Not sure about the translated term limited (from German); perhaps cut-off function?

1. The problem statement, all variables and given/known data

Let $f$ be a measurable function in a measure space $(\Omega, \mathcal{F}, \mu)$ and $C>0$. Show that the following function is measurable:
$$f_C(x) = \left\{ \begin{array}{ll} f(x) & \mbox{if } |f(x)| \leq C \\ C & \mbox{if } f(x) > C \\ -C & \mbox{if } f(x) < -C \end{array} \right.$$

2. Relevant equations

None in particular.
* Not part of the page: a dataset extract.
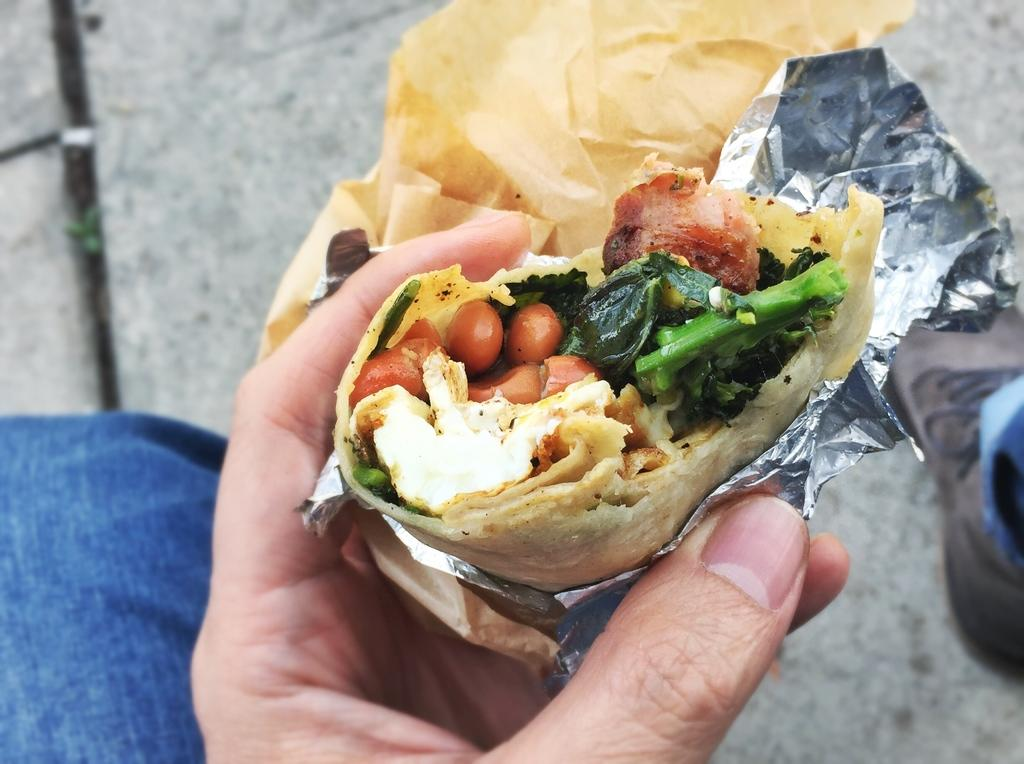What can be seen in the person's hand in the image? There is food in the person's hand in the image. What else is visible in the image besides the person's hand? There is a cover visible in the image. What type of scarf is wrapped around the giraffe in the image? There is no giraffe or scarf present in the image. How many potatoes can be seen in the person's hand in the image? There is no potato present in the person's hand in the image; it contains food.

Definition, measurable space:
An ordered tuple $(\Omega,\mathcal{F})$, where $\Omega$ is a set and $\mathcal{F}$ is a $\sigma$-algebra of subsets in $\Omega$, is called a *measurable space*.

Definition, measureable function:
https://en.wikipedia.org/wiki/Measurable_function

3. The attempt at a solution

Since $f$ is measurable, then $f_C$ is measurable when $|f(x)| < C$.

It should be trivial to prove that a constant function is measurable.

I'm not sure how to approach $f_C$ at $C$. Perhaps: We have shown that $f_C$ is measurable at all points except $f(x)=C$, but a single point has measure $0$. However this seems very hand-wavy and probably entirely incorrect...

2. Feb 11, 2017

### Dick

You can make it a lot less hand-wavy if you state and work with the definition of 'measurable'. You want to show $\{x:f_C(x)<a\}$ is measurable for all $a$. You know $\{x:f(x)<a\}$ is measurable for all $a$. How do they compare?